Data on AWS is located in specific locations called `buckets`, so we must specify the bucket we want to look in. 

The prefix is the list of subdirectories in that `bucket`

We got this information from looking through the data on the web interface to find the file we wanted. 

In [None]:
BUCKET = 'noaa-gefs-retrospective'
prefix = 'GEFSv12/reforecast/2000/2000010500/c00/Days:1-10/' 
# year month day hour 
# c00 ensemble member 
# first 10 days on high res grid, rather then out to 35 days on lower res grid

### Define filenames for the file the we want to download

In [None]:
varname = 'pres_msl' # Barometric pressure extrapolated to mean sea level

my_userid = os.path.expanduser('~').split('/')[2]  # Get my userid

remote_file = f'{prefix}{varname}_2000010500_c00.grib2'
local_fname = os.path.basename(remote_file)
local_file = f'/scratch/{my_userid}/{local_fname}'

print(local_file)
print(remote_file)

### Access AWS without having an account 
This will only allow access to open, public datasets.

In [None]:
s3 = boto3.resource(
    's3',
    aws_access_key_id='',
    aws_secret_access_key='',
    config=Config(signature_version=UNSIGNED)
)

### Download the file from AWS

Without an AWS account we can only download the data, we cannot
do any calculations with the data. 

In [None]:
s3.Bucket(BUCKET).download_file(remote_file, local_file)

### Read in downloaded file

In [None]:
ds=xr.open_dataset(local_file,engine='cfgrib',
                   backend_kwargs={'indexpath': ''})
ds['msl']=ds['msl']/100.0  # Convert to hPa
ds

### About the time dimensions...

This is a model forecast field. 
There are data saved across a 10-day forecast period at 3-hour intervals (8 times per day), i.e. out to 240 hours from the initial time. 
The initial state is not included, so there are 80 global 2D arrays, not 81.

It has not one, but two separate time coordinates: `time` and `step` - actually there are three, because `valid_time` is a combination of the other two.
* `time` is the time of the start of the forecast - when the forecast model was initialized. It is a `datetime64` object.
* `step` is the forecast step - the time after the initial time. It is a `timedelta64` object, which behaves differently* than `datetime64`.
* `valid_time` is the time the forecast is valid, i.e. the sum of `time` and `step`. It is a `datetime64` object.

So, we have a few options for referring to various times in this forecast. We could:
1. Refer to sequential steps by their corresponding array indices, from 0 to 79.
2. Refer to the validation date and time, using the `valid_time` coordinate.
3. Refer to the forecast time _delta_ from the initial time, using the `step` coordinate.

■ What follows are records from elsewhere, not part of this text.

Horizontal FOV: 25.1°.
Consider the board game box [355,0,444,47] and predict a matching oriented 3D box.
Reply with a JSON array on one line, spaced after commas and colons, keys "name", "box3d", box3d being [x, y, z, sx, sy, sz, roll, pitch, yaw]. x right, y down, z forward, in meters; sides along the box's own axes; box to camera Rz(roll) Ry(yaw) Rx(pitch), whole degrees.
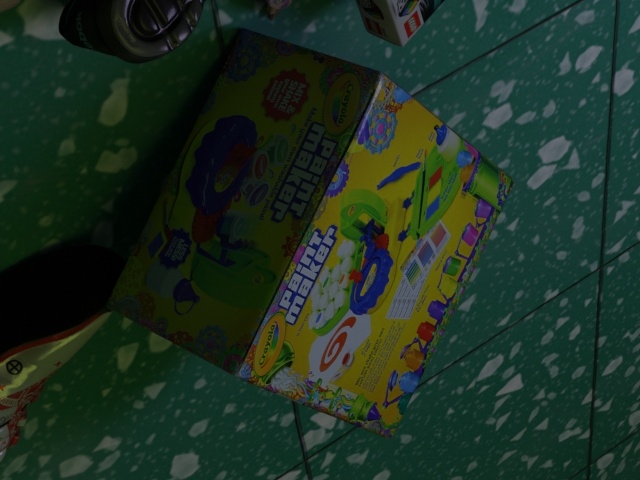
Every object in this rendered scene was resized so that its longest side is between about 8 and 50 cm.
[{"name": "board game box", "box3d": [0.079, -0.339, 1.250, 0.193, 0.053, 0.305, -49, 146, -17]}]

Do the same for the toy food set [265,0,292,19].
[{"name": "toy food set", "box3d": [-0.019, -0.231, 1.266, 0.078, 0.019, 0.122, -52, 180, -1]}]

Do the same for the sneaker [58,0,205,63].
[{"name": "sneaker", "box3d": [-0.110, -0.241, 1.169, 0.267, 0.106, 0.101, -45, 119, -32]}]

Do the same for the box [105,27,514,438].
[{"name": "box", "box3d": [0.000, 0.000, 1.364, 0.279, 0.177, 0.290, 31, 84, -53]}]

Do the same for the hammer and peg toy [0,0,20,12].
[{"name": "hammer and peg toy", "box3d": [-0.335, -0.150, 0.809, 0.127, 0.361, 0.266, -29, 144, -44]}]

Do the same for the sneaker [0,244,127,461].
[{"name": "sneaker", "box3d": [-0.289, 0.119, 1.346, 0.270, 0.090, 0.145, -39, 157, -21]}]
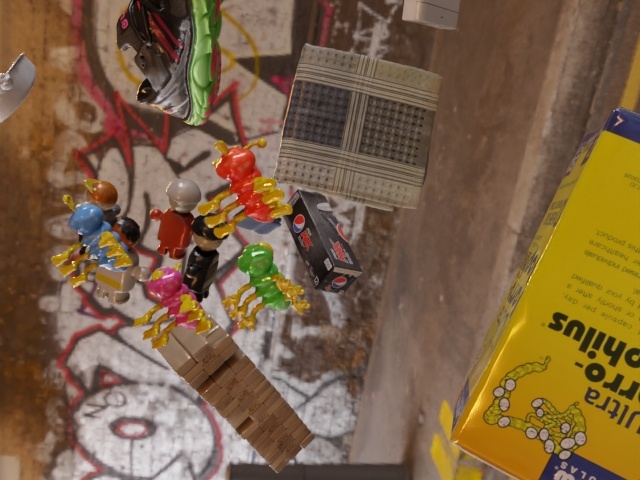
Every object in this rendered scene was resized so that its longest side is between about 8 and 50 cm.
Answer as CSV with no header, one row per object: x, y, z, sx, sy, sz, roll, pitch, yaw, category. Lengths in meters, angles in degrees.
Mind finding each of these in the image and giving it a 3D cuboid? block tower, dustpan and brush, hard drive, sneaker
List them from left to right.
-0.448,-0.213,0.926,0.211,0.060,0.147,19,70,48,dustpan and brush
-0.288,-0.416,1.236,0.483,0.202,0.185,104,174,-47,sneaker
-0.123,0.243,1.039,0.097,0.091,0.335,35,162,46,block tower
0.239,-0.605,1.288,0.233,0.047,0.353,-22,-59,-58,hard drive

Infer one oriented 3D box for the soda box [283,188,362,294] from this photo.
0.000,0.000,1.002,0.053,0.060,0.169,-52,45,30,soda box

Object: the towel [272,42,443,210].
0.086,-0.237,1.413,0.056,0.324,0.312,152,130,-83,towel

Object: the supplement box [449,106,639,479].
0.300,0.075,0.687,0.357,0.195,0.194,-66,-12,6,supplement box

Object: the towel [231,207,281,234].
-0.150,-0.046,1.550,0.067,0.119,0.029,-31,63,26,towel

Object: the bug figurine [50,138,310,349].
-0.139,0.011,0.719,0.072,0.279,0.216,-76,-35,-57,bug figurine

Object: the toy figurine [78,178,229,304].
-0.267,-0.009,1.041,0.213,0.209,0.148,50,130,49,toy figurine
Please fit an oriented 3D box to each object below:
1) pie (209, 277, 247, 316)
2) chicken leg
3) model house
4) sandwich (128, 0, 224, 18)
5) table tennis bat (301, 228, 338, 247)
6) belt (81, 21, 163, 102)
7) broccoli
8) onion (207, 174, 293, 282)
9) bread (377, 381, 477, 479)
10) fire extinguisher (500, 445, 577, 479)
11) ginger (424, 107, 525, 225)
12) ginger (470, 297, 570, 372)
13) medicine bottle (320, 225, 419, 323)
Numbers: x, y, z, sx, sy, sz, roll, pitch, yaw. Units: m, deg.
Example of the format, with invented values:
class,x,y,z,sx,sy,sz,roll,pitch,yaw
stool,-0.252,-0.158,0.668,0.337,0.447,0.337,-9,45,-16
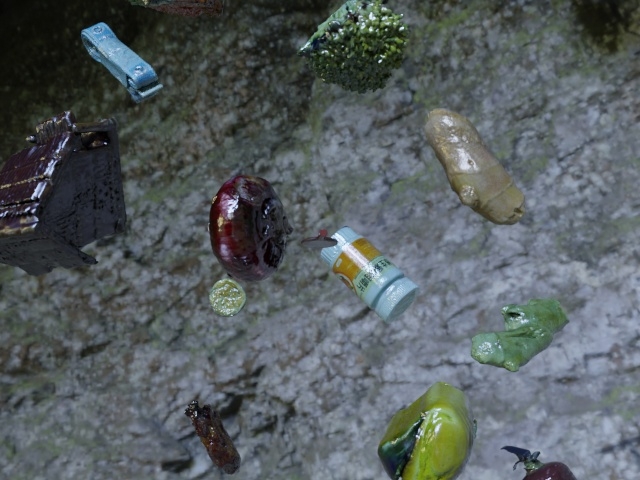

All times are in units of $ns$: nanoseconds (billionths of a second). This is the default for timekeeping in `xarray`.

*`timedelta64` has fewer attributes than `datetime64`: we can only refer to `days`, `seconds`, `microseconds` and `nanoseconds` when parsing such a dimension.
The following would all list the seconds part of the coordinate `step`:

`ds.step.dt.seconds`

`ds['step'].dt.seconds`

`ds['step.seconds']`

In [None]:
# Make a list of tuples, each showing the:
#    (index, days, seconds) 
# corresponding to the forecast time step
list(zip(np.arange(len(ds['step'])),ds['step.days'].data,ds['step.seconds'].data))

### Python `datetime` module

`datetime` provides us nice functionality to deal with these peculiar time constructs. 
We can import the `timedelta` and `datetime` classes to give us a more intuitive way to translate times and select forecasts

In [None]:
from datetime import timedelta, datetime
fcst_24 = ds['msl'].sel(step=timedelta(hours=24)) # Choose the 24-hour forecast
fcst_24

In [None]:
fig = plt.figure(figsize=(12,6))
ax=plt.axes(projection=ccrs.PlateCarree())
cs = ax.contourf(fcst_24.longitude,fcst_24.latitude,fcst_24,transform = ccrs.PlateCarree(),cmap='YlGnBu',extend='both') 
ax.coastlines() 
cbar = plt.colorbar(cs,shrink=0.7,aspect=30,orientation='horizontal',label='Sea Level Pressure (hPa)') 
ic_time = fcst_24.time.dt.strftime('%-d %B %Y at %H%M UTC').item()
valid_time = fcst_24.valid_time.dt.strftime('%-d %B %Y at %H%M UTC').item()
plt.title(f"GEFSv12 Reforecast, IC={ic_time}\nValid: {valid_time}") ;

## NOAA uses AWS

NOAA has a contract with Amazon to make many of its operational and archive products openly available to the public via cloud services. These include _in situ_ observations, satellite data, and model products including forecasts. There is a [registry of data](https://registry.opendata.aws/collab/noaa/) that describes all the products available.